== Activity ==
Take the listing below and print exactly the lines starting at the line containing "text (D2024-06-004024, verzenddatum" and ending at the line containing "text Wilt u", both ends included, and no others.

== Data for review ==
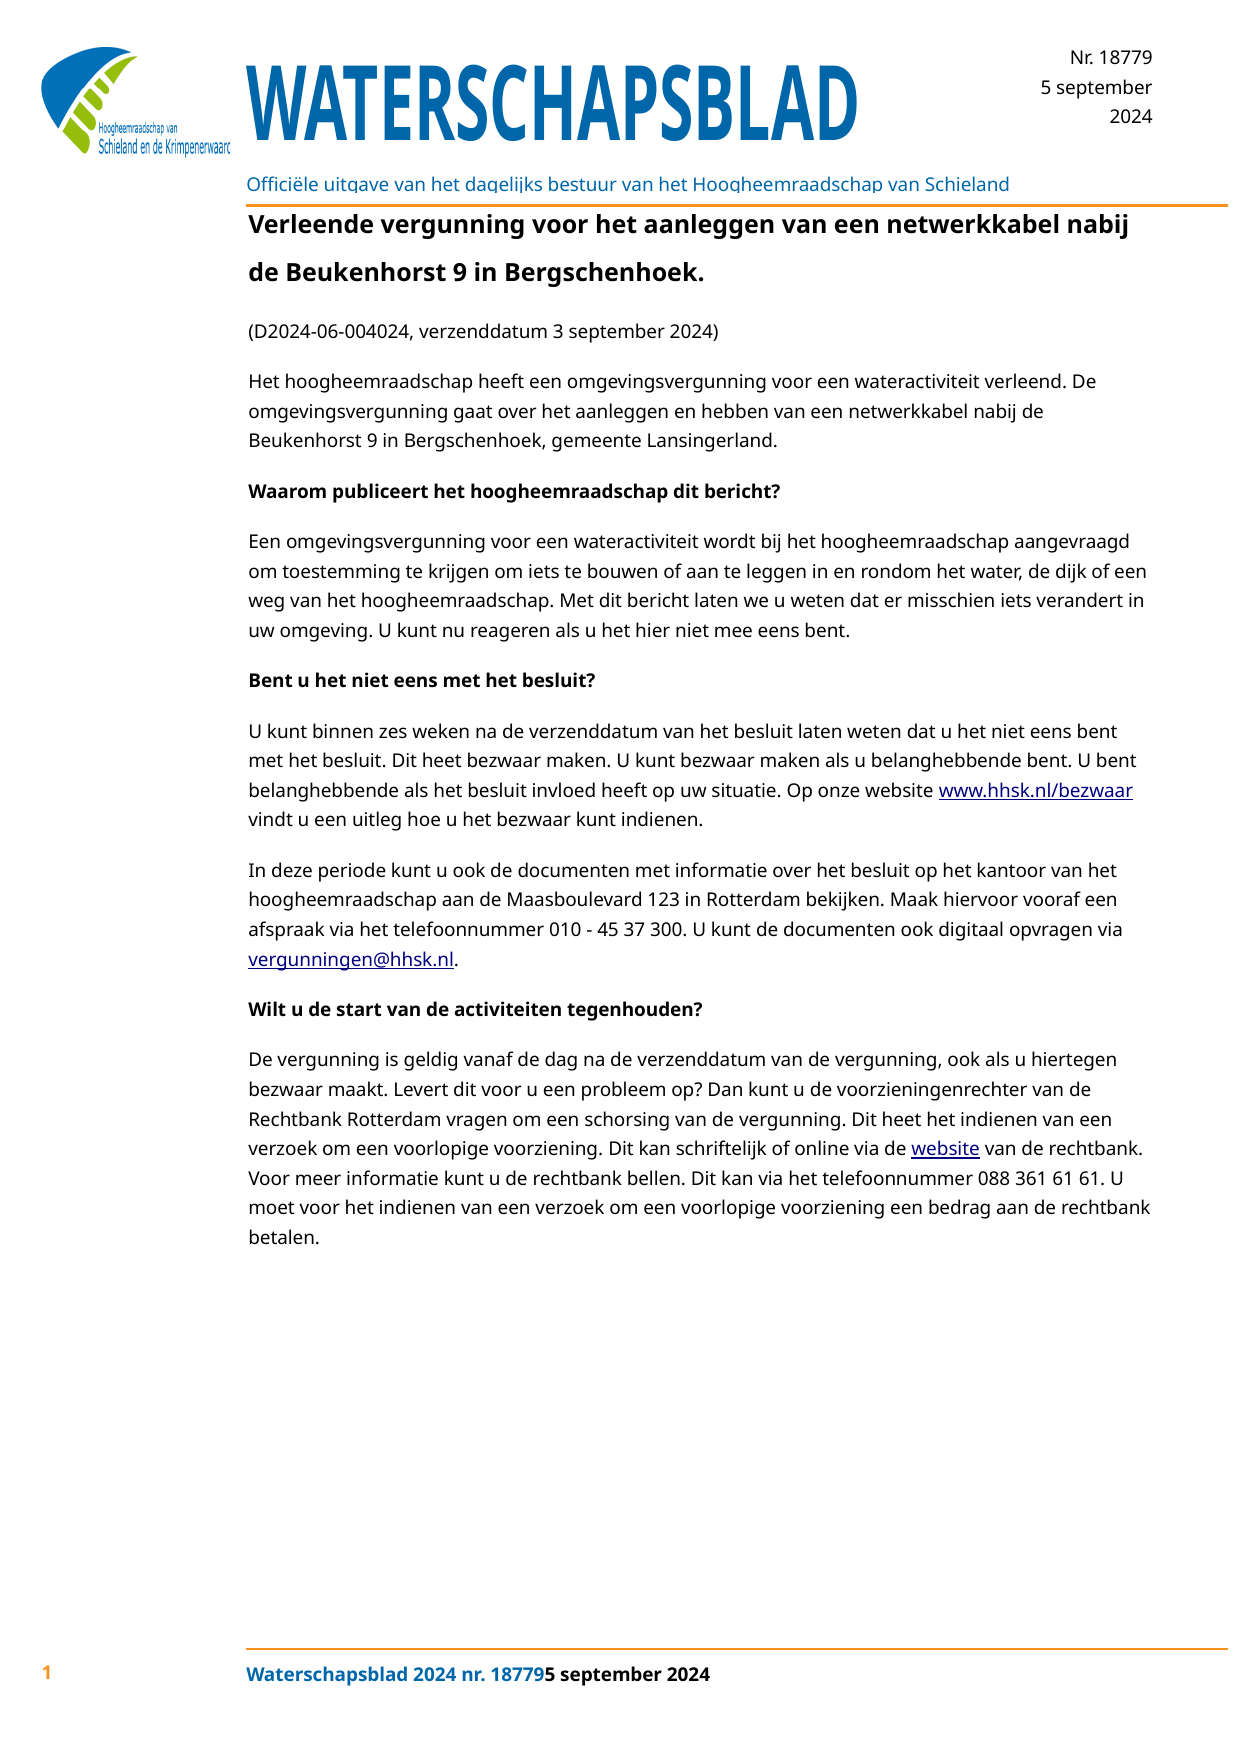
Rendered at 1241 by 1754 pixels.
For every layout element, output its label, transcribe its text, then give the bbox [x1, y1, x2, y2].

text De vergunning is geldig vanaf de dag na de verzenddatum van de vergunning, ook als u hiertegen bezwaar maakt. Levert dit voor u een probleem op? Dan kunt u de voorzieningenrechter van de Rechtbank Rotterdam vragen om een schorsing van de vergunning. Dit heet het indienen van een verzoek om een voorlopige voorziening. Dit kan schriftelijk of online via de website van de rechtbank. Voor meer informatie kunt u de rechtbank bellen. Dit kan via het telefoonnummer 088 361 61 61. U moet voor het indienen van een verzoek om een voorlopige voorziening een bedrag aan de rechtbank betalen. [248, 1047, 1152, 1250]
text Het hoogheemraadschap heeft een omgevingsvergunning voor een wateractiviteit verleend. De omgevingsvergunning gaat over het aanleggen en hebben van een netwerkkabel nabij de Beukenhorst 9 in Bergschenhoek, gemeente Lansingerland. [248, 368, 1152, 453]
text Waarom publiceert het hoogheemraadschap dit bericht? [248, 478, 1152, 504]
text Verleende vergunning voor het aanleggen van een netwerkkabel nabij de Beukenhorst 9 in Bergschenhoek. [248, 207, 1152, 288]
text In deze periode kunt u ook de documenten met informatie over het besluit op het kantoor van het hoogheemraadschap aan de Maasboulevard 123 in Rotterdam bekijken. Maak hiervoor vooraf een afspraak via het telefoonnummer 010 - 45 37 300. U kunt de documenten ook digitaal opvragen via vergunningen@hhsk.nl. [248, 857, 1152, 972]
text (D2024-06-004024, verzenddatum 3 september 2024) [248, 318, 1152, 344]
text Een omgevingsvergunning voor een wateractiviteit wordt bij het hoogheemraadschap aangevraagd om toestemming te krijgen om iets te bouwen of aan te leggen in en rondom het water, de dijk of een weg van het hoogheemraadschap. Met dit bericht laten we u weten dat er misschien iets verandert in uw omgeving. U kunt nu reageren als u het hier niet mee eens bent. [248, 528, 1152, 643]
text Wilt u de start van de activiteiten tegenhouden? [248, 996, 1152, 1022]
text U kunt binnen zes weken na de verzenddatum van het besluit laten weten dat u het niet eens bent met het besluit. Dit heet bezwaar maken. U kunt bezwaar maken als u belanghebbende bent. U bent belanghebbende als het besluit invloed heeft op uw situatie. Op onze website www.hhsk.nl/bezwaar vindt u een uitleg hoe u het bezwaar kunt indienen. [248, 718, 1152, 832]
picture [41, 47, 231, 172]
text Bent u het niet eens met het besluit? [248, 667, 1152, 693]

== Your solution ==
text (D2024-06-004024, verzenddatum 3 september 2024) [248, 318, 1152, 344]
text Een omgevingsvergunning voor een wateractiviteit wordt bij het hoogheemraadschap aangevraagd om toestemming te krijgen om iets te bouwen of aan te leggen in en rondom het water, de dijk of een weg van het hoogheemraadschap. Met dit bericht laten we u weten dat er misschien iets verandert in uw omgeving. U kunt nu reageren als u het hier niet mee eens bent. [248, 528, 1152, 643]
text Wilt u de start van de activiteiten tegenhouden? [248, 996, 1152, 1022]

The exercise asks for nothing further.